Burmese workers in Chiang Rai

“Work and life in Thailand is not easy. I work to get some money and then I’d get sick and my money is spent on healthcare. I cannot save any money. I have lived in Thailand for more than 20 years already. I have never gone back to my village.”

Workers who attempt to find employment in Thailand through labor brokers face more pressing problems. Broker fees can run between 5,000 baht and 12,000 baht. Many cases of abuse at the hands of brokers or employers in Thailand have been reported, with young women particularly vulnerable to sexual abuse.

The Migrant Worker Right Network (MWRN) has criticized the Burma and Thailand’s National Verification process for leaving migrant workers open to exploitation at the hands of corrupt brokers.

Many of these workers are vulnerable to exploitation, abuse in the workplace and a lack of job security. The situation has been hampered by both the Burma and Thai government’s inability to deliver a clear migration policy framework even though a National Verification process (NV) for migrant workers has been in place for 11 years.

In spite of the gradual rollout of the NV scheme, migrant workers are paying as much as five times what the process should legally cost due to broker charges.

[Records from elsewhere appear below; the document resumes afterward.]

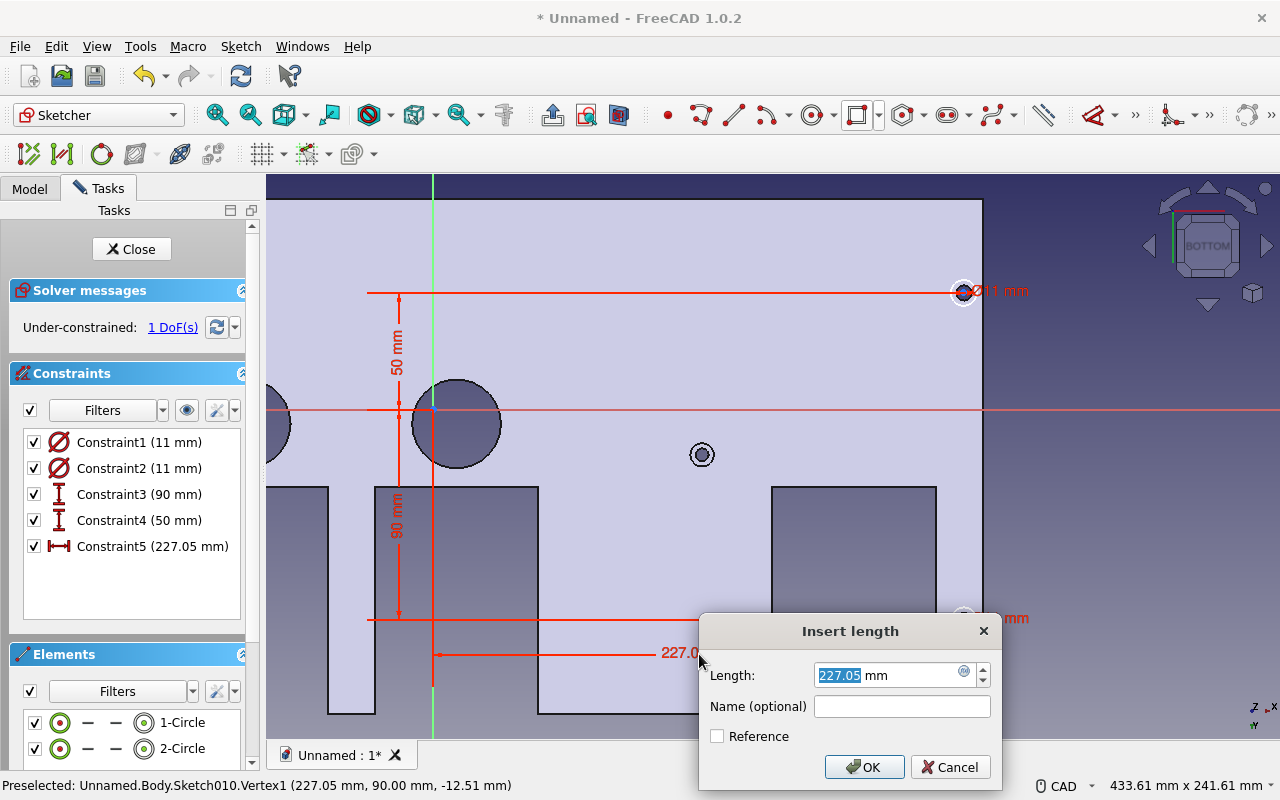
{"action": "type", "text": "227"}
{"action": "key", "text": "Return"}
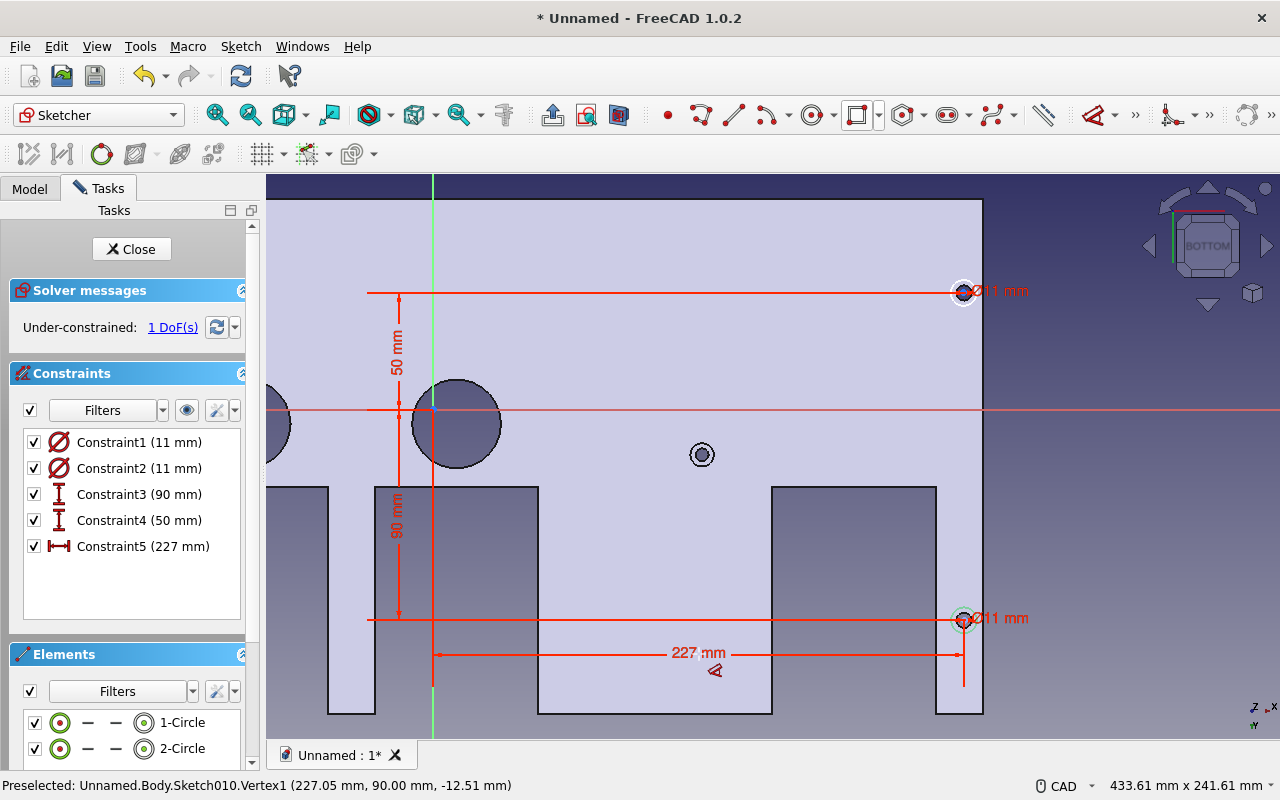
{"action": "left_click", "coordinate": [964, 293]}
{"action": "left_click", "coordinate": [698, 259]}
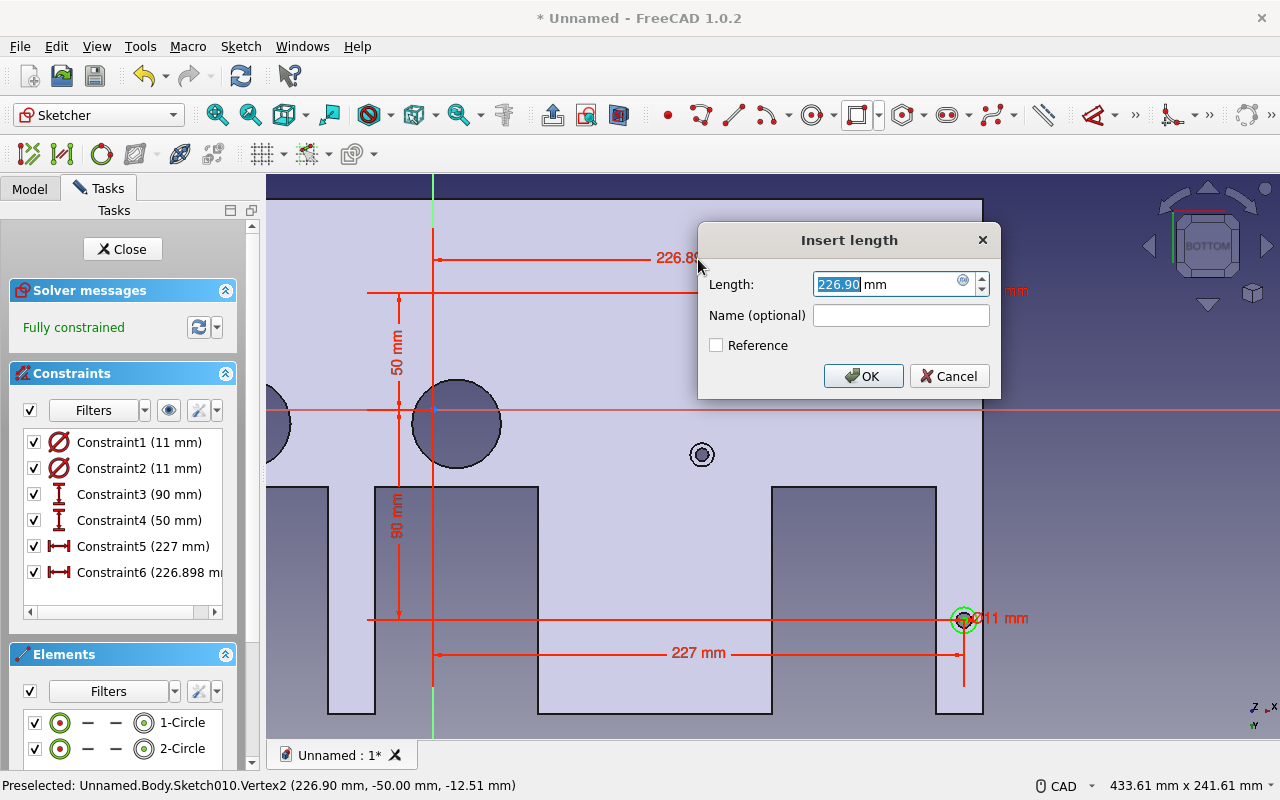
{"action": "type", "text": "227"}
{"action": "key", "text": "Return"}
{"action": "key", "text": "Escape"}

Burma and Thailand agreed that migrant workers must pay 1,050 baht (US$3.3) to complete the NV process. Yet the Migrant Workers Right Network said that when broker charges and “under the table” costs are added up, each worker spent 5,500 to 12,000 baht (US$180-400) for getting a temporary passport and work permit.

With 1.7 million migrants completing the process this means brokers, agencies and officials through exploitation and corruption have already made at least 5,100 million baht (US$170 million) from the NV process. At the same time, low-income earning migrant workers have found themselves in “more debt, often leading to severe debt bondage, and seen their savings decline.”